◆ ABOUT THIS EXERCISE
Starting at the line that holds "Answer: Believability Which", transcribe every line to the end of the data exactly; include no other lines.

◆ EXCERPTED RECORDS
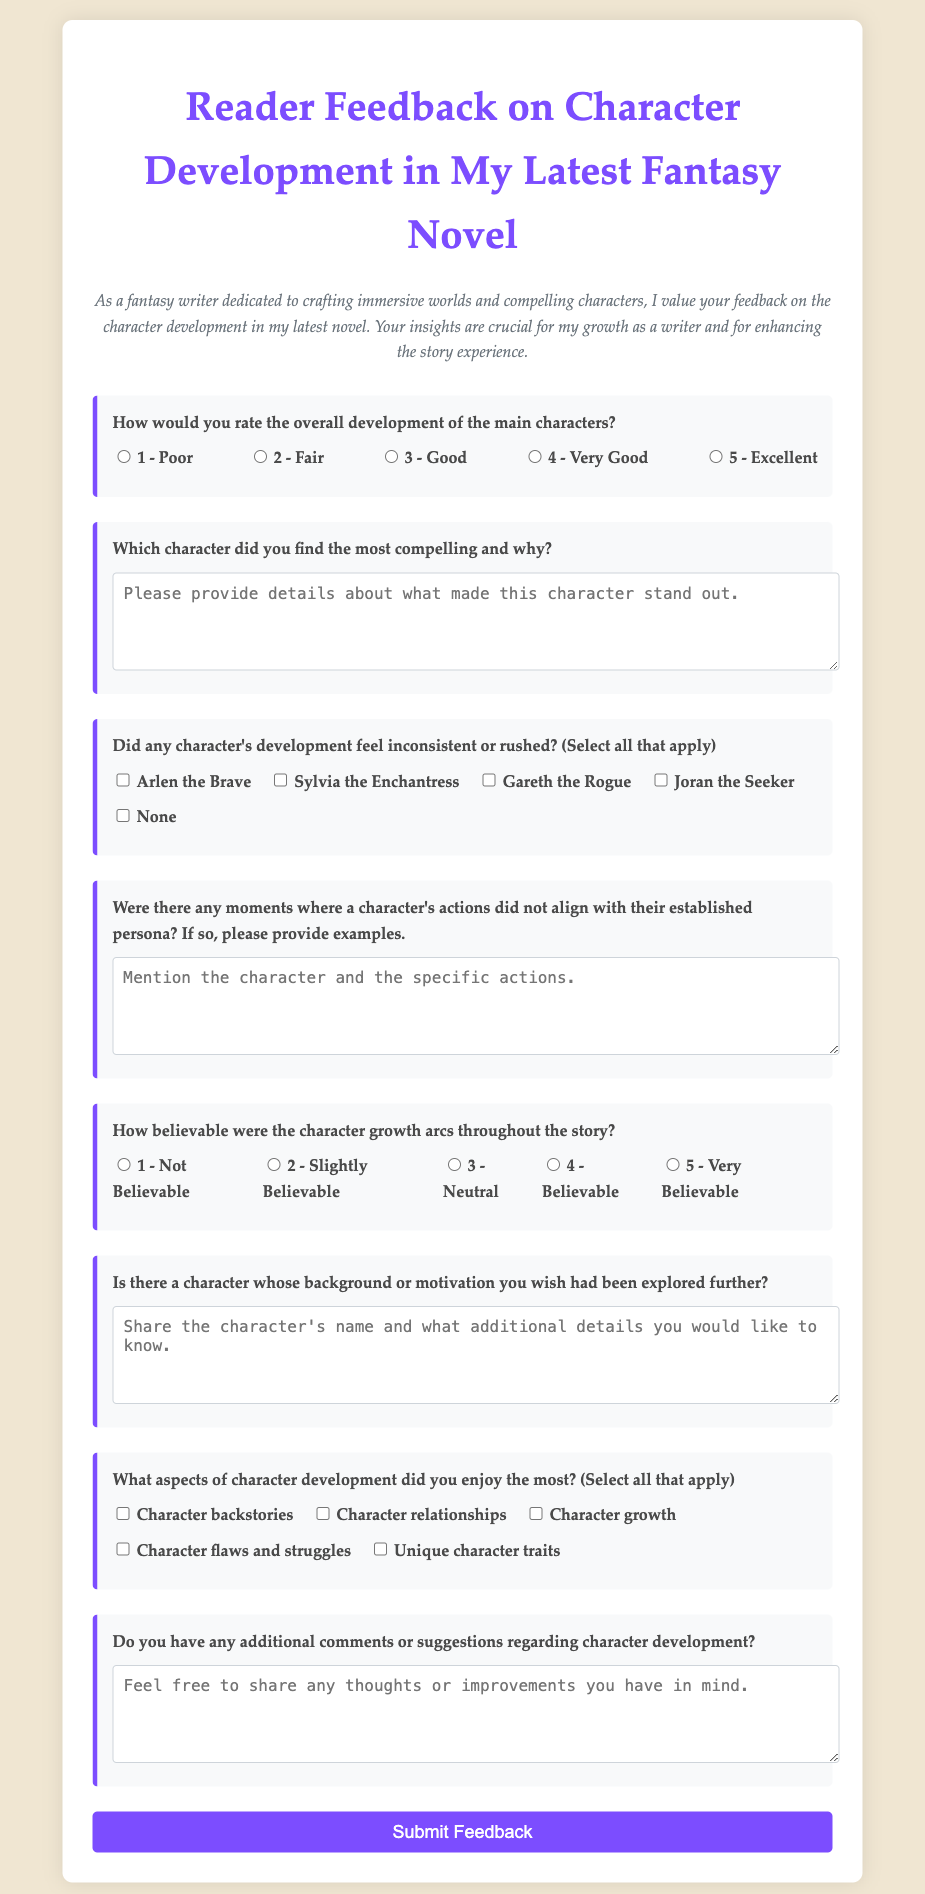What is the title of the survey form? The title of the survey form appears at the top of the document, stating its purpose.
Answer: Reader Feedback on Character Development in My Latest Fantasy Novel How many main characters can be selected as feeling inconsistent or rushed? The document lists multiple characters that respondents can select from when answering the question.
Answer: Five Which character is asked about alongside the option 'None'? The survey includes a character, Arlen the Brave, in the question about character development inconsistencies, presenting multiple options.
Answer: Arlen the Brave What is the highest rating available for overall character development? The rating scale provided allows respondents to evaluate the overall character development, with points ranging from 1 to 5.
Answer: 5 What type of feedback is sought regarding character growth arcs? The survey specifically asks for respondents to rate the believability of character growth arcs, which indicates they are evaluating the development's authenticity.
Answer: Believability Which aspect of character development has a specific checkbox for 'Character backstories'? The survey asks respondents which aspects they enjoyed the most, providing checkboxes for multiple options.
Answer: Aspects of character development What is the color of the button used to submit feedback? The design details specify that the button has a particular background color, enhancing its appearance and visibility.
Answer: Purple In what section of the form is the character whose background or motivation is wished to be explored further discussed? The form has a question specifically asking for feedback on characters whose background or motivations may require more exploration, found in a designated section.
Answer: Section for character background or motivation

◆ RESULT
Answer: Believability Which aspect of character development has a specific checkbox for 'Character backstories'? The survey asks respondents which aspects they enjoyed the most, providing checkboxes for multiple options.
Answer: Aspects of character development What is the color of the button used to submit feedback? The design details specify that the button has a particular background color, enhancing its appearance and visibility.
Answer: Purple In what section of the form is the character whose background or motivation is wished to be explored further discussed? The form has a question specifically asking for feedback on characters whose background or motivations may require more exploration, found in a designated section.
Answer: Section for character background or motivation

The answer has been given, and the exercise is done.